Он произнёс это быстро, с какой-то нелепой торопливостью, словно боялся, что слова сбегут, не долетев до цели. И тут же увидел, как надежда в её глазах сменилась чистым, первобытным ужасом. Она отшатнулась, будто он ударил её.
— Зачем? — вырвалось у неё, голос сорвался на шепот. — Зачем я вам там? Я… я буду работать здесь. За мать, за всех… Я всё могу…
— Не для работы, — перебил он, и в его тоне впервые прозвучала неподдельная, грубая растерянность.
Он и сам не мог объяснить «зачем». Потому что тянуло? Потому что с ней тише на душе? Звучало глупо даже в собственных ушах. — Ты… ты там отдохнёшь. И мать твоя поправится. Отец окрепнет. Им будет легче. Выбор за тобой.
Он сказал это, но оба знали — выбора на самом деле не было.
Это была сделка. Её молодость, её свобода, её невинность — в обмен на жизнь и здоровье семьи. Ярмо, одетое не на шею, а на душу, но ярмо позолоченное, с обещанием сытости для других.

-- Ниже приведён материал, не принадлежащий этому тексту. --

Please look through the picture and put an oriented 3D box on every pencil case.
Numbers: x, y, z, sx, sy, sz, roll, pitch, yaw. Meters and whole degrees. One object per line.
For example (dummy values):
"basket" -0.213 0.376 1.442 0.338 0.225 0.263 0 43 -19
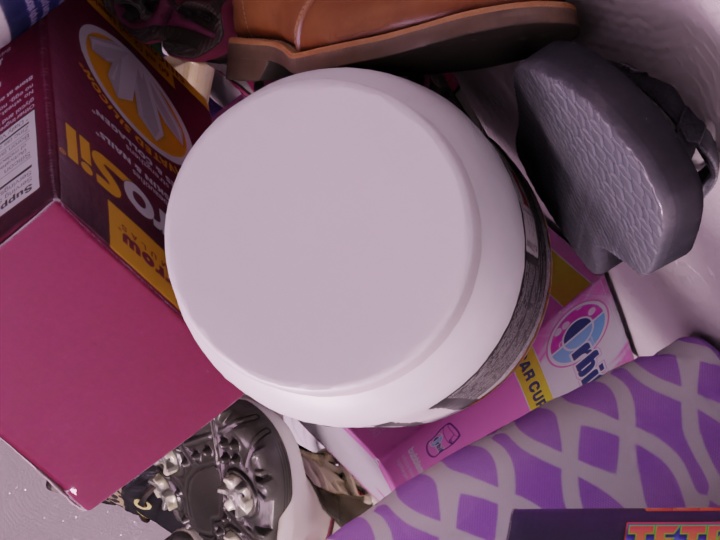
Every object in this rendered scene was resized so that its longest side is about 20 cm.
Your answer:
"pencil case" 0.061 0.099 1.048 0.084 0.199 0.086 59 166 19

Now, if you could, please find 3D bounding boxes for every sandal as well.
"sandal" 0.083 -0.041 0.935 0.076 0.043 0.200 59 178 -1

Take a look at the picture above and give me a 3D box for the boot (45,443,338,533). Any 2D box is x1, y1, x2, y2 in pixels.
"boot" -0.051 0.085 1.318 0.153 0.074 0.204 25 158 -10

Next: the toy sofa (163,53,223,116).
"toy sofa" -0.147 -0.133 1.472 0.200 0.097 0.083 46 143 28

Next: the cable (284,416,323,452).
"cable" 0.024 0.107 1.536 0.200 0.069 0.200 49 168 17

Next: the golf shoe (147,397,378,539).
"golf shoe" -0.037 0.094 1.209 0.077 0.088 0.200 52 161 20

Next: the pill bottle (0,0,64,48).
"pill bottle" -0.139 -0.146 1.046 0.120 0.200 0.120 48 169 13

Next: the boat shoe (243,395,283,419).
"boat shoe" -0.101 0.039 1.400 0.200 0.092 0.075 68 -164 -57

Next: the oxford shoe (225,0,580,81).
"oxford shoe" 0.006 -0.099 0.984 0.200 0.071 0.072 8 98 60

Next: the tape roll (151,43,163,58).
"tape roll" -0.126 -0.109 1.276 0.200 0.048 0.202 171 90 -79

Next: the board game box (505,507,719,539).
"board game box" 0.149 0.154 0.985 0.164 0.057 0.200 -1 143 20

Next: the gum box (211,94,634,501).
"gum box" 0.000 0.000 1.173 0.200 0.113 0.066 43 167 36

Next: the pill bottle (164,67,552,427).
"pill bottle" 0.001 -0.006 0.962 0.116 0.116 0.200 50 -176 7

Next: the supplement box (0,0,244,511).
"supplement box" -0.112 -0.023 1.085 0.110 0.086 0.200 44 -162 -31

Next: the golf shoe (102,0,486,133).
"golf shoe" -0.010 -0.078 1.127 0.200 0.073 0.092 43 -164 25

Ася смотрела на него, и в её синих глазах, всегда таких ясных, теперь бушевала буря: страх, отвращение, недоумение и та самая, страшная необходимость принять невозможное решение. Она не ответила. Только стояла, превратившись в бледную, дрожащую статую.
— Иди, — скомандовал он вдруг, не выдержав этого взгляда. — Подумай. Но знай… лекарства и еда — только после твоего согласия.
Она развернулась и выбежала, не закрывая за собой дверь.
Прутков остался один, с ощущением, что только что совершил что-то подлое и в то же время неизбежное, как падение камня с горы.
В избе было темно и тихо, пахло болезнью, грязью и отчаянием. Ася, вернувшись, молча села на табурет у постели матери.
Отец, Пётр, сидел на полу, прислонившись к печи, его лицо было серым от боли и бессилия. Ася рассказала им. Тихо, монотонно, словно читая чужой приговор.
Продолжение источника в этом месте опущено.